◆ **What this task involves**:
Retype, please, the listing from its opening line through the line that contains "You are a GUI", both included, without the pictures.
= = = =
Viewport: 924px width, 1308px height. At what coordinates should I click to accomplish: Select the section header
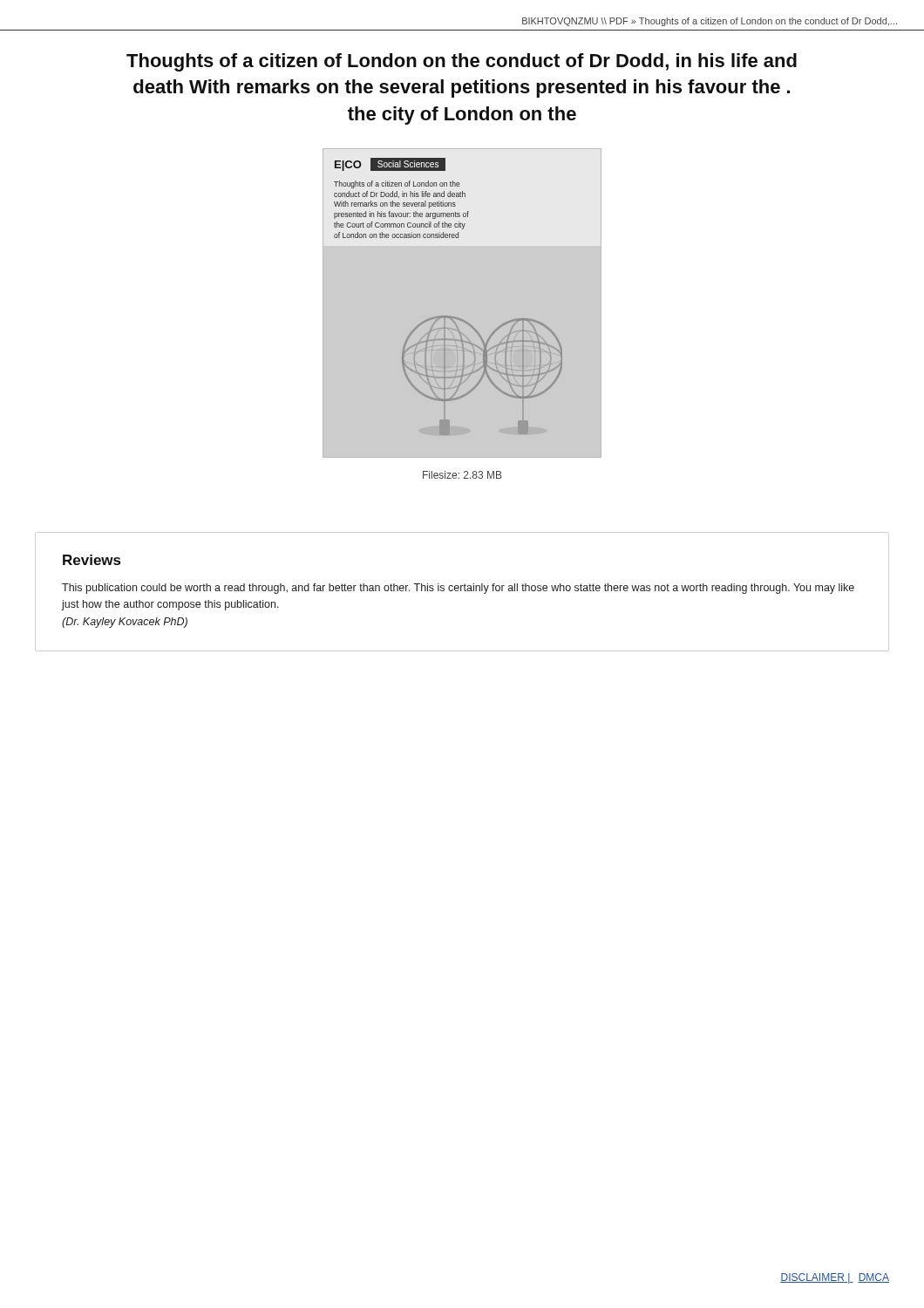(92, 560)
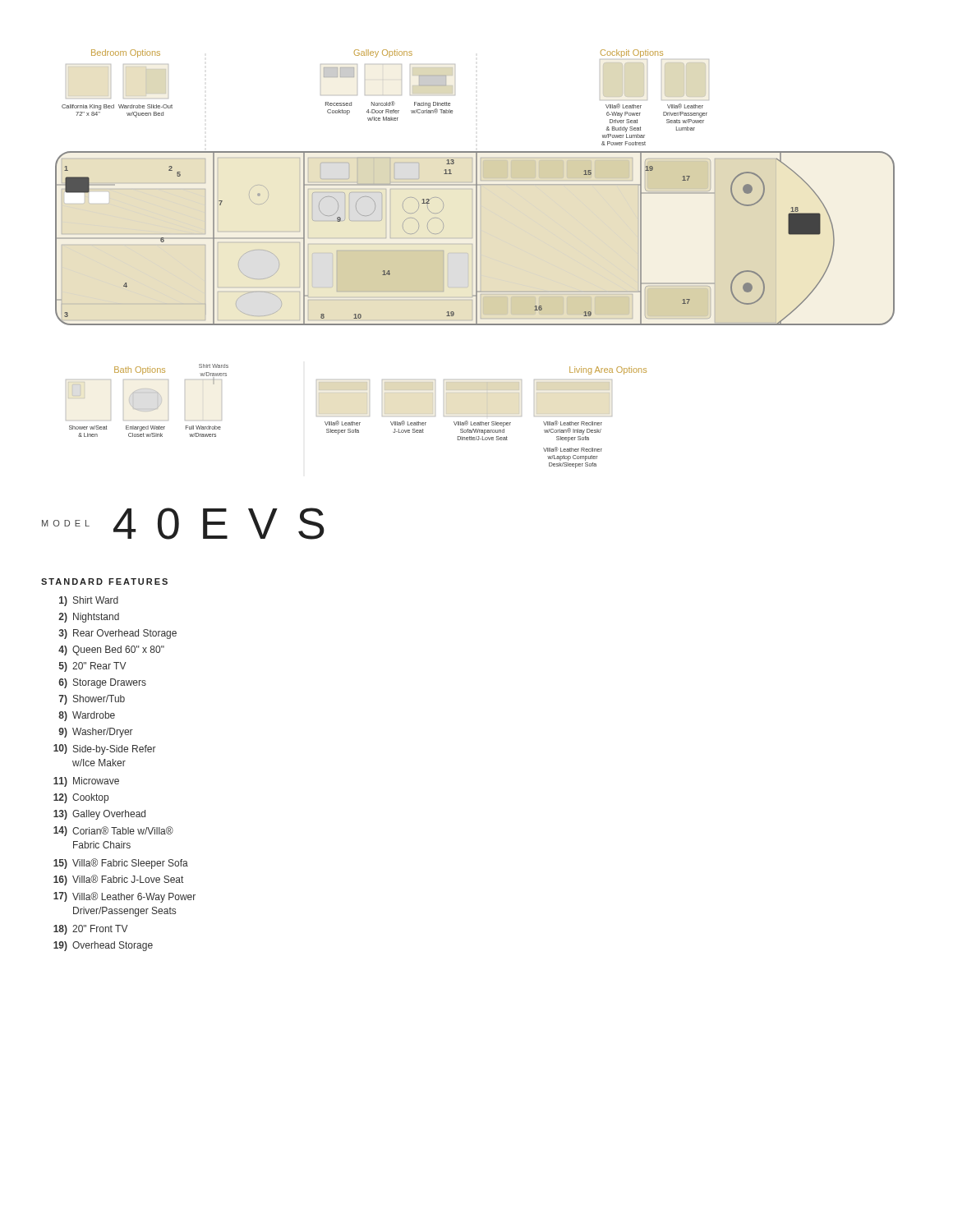Find "MODEL 4 0 E V S" on this page
Screen dimensions: 1232x953
tap(185, 523)
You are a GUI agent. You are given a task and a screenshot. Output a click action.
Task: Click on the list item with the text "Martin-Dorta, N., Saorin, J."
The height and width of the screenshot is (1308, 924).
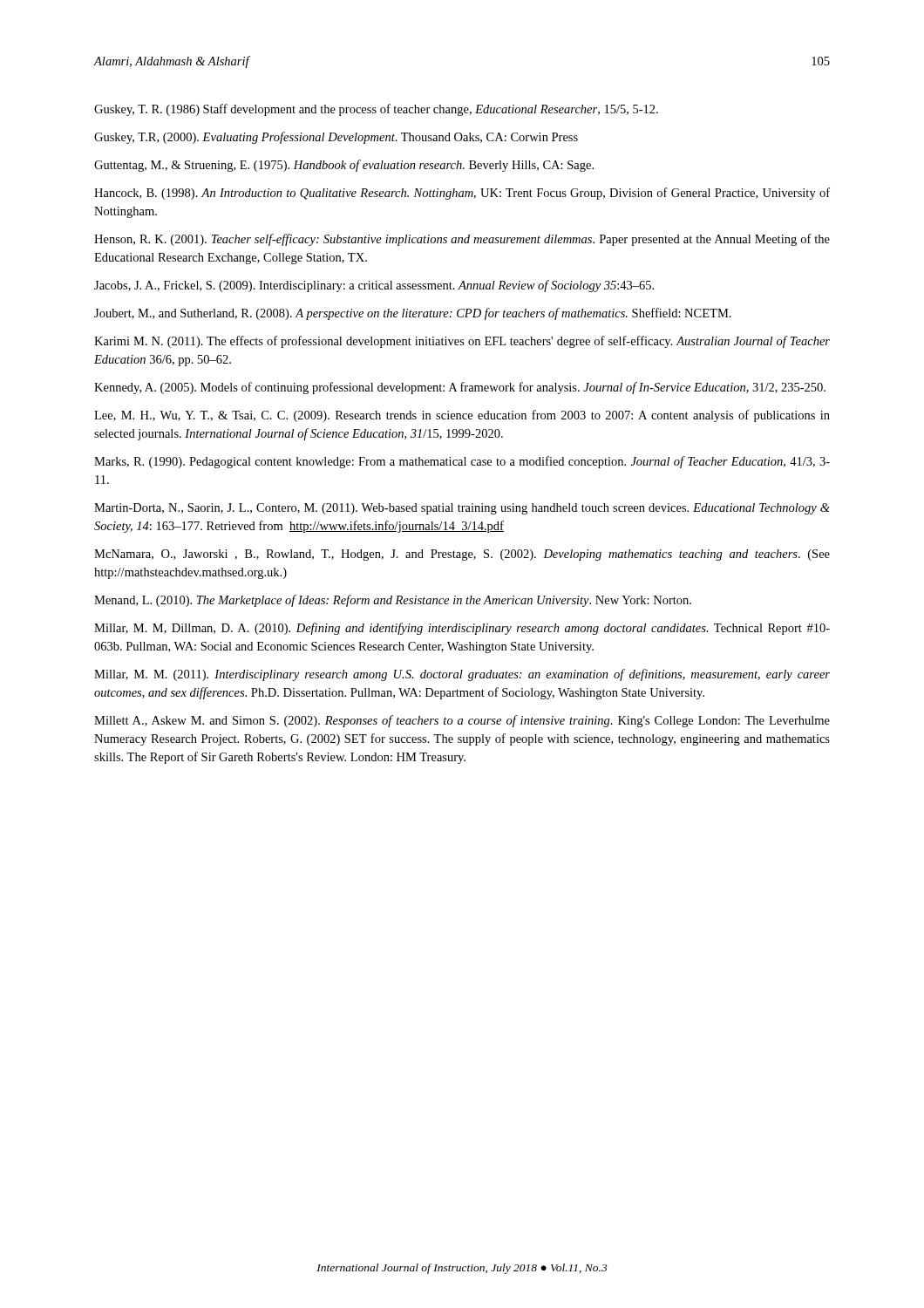(462, 517)
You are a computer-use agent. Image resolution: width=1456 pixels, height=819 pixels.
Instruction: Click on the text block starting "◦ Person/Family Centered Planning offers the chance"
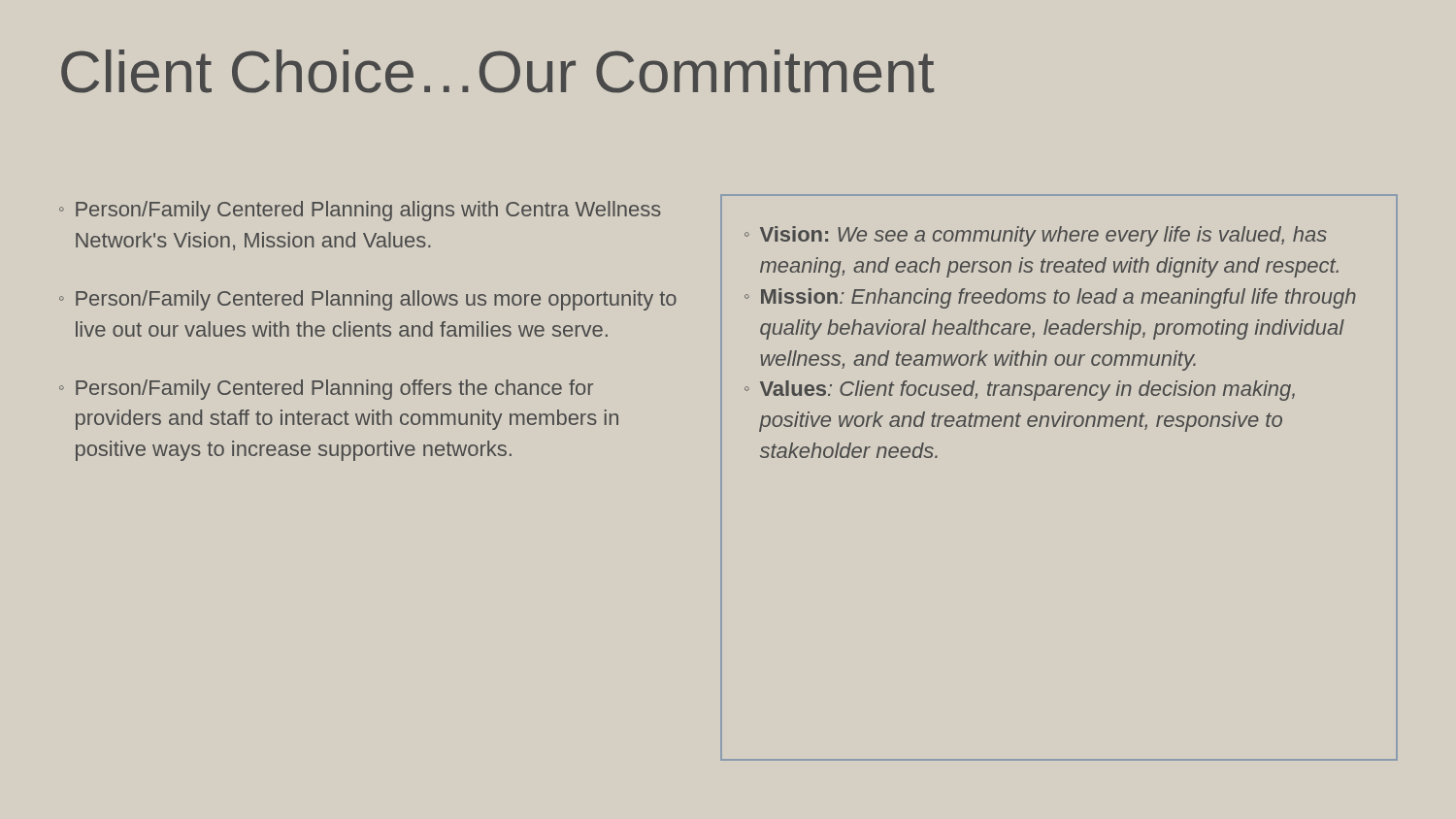370,419
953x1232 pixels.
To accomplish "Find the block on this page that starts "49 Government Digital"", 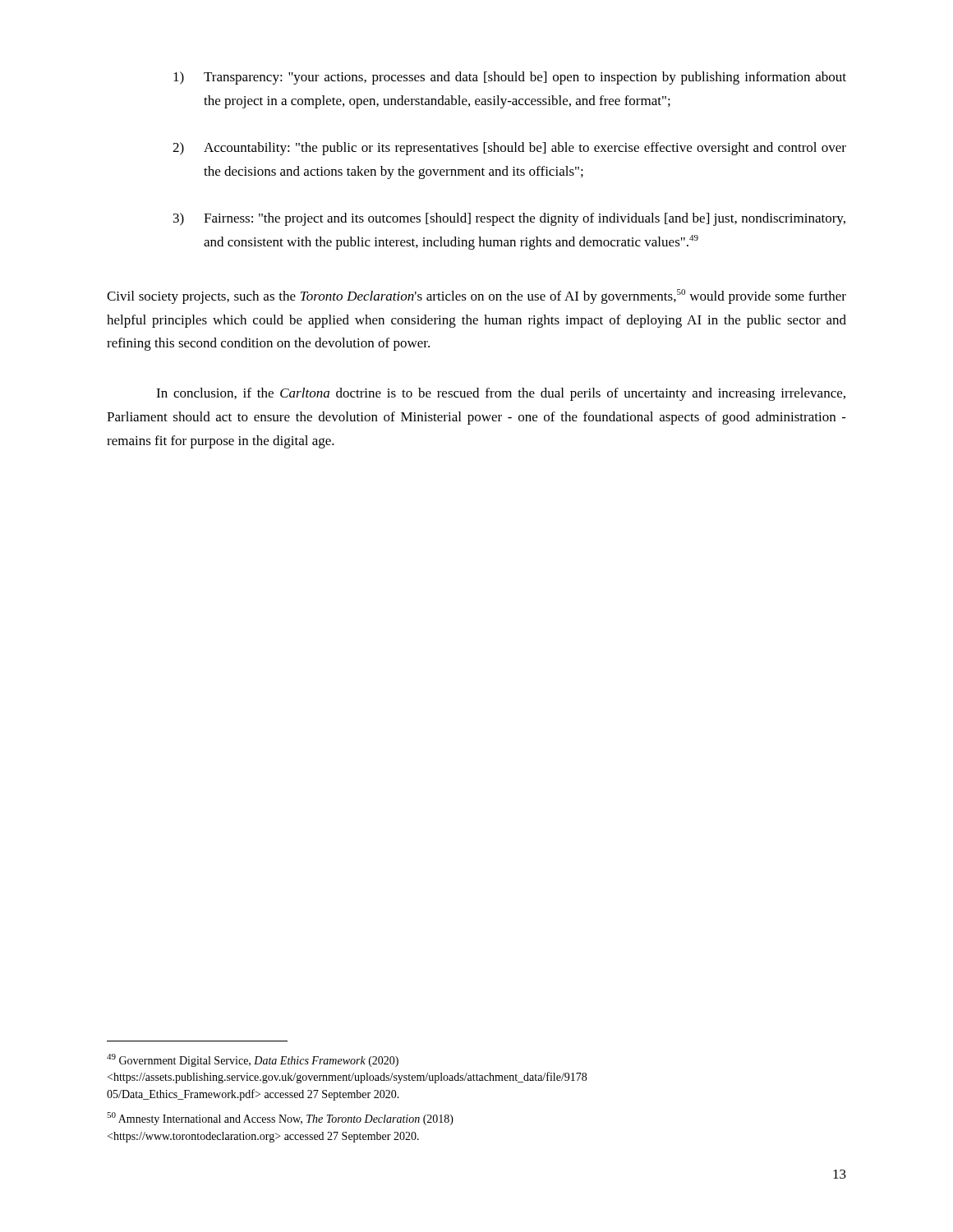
= = = =
◆ **Solved problem**:
Viewport: 924px width, 1308px height. At what coordinates should I click to accomplish: Select the section header
(92, 560)
Find "MODEL 4 0 E V S" on this page
Screen dimensions: 1232x953
tap(185, 523)
You are a GUI agent. You are given a task and a screenshot. Output a click action.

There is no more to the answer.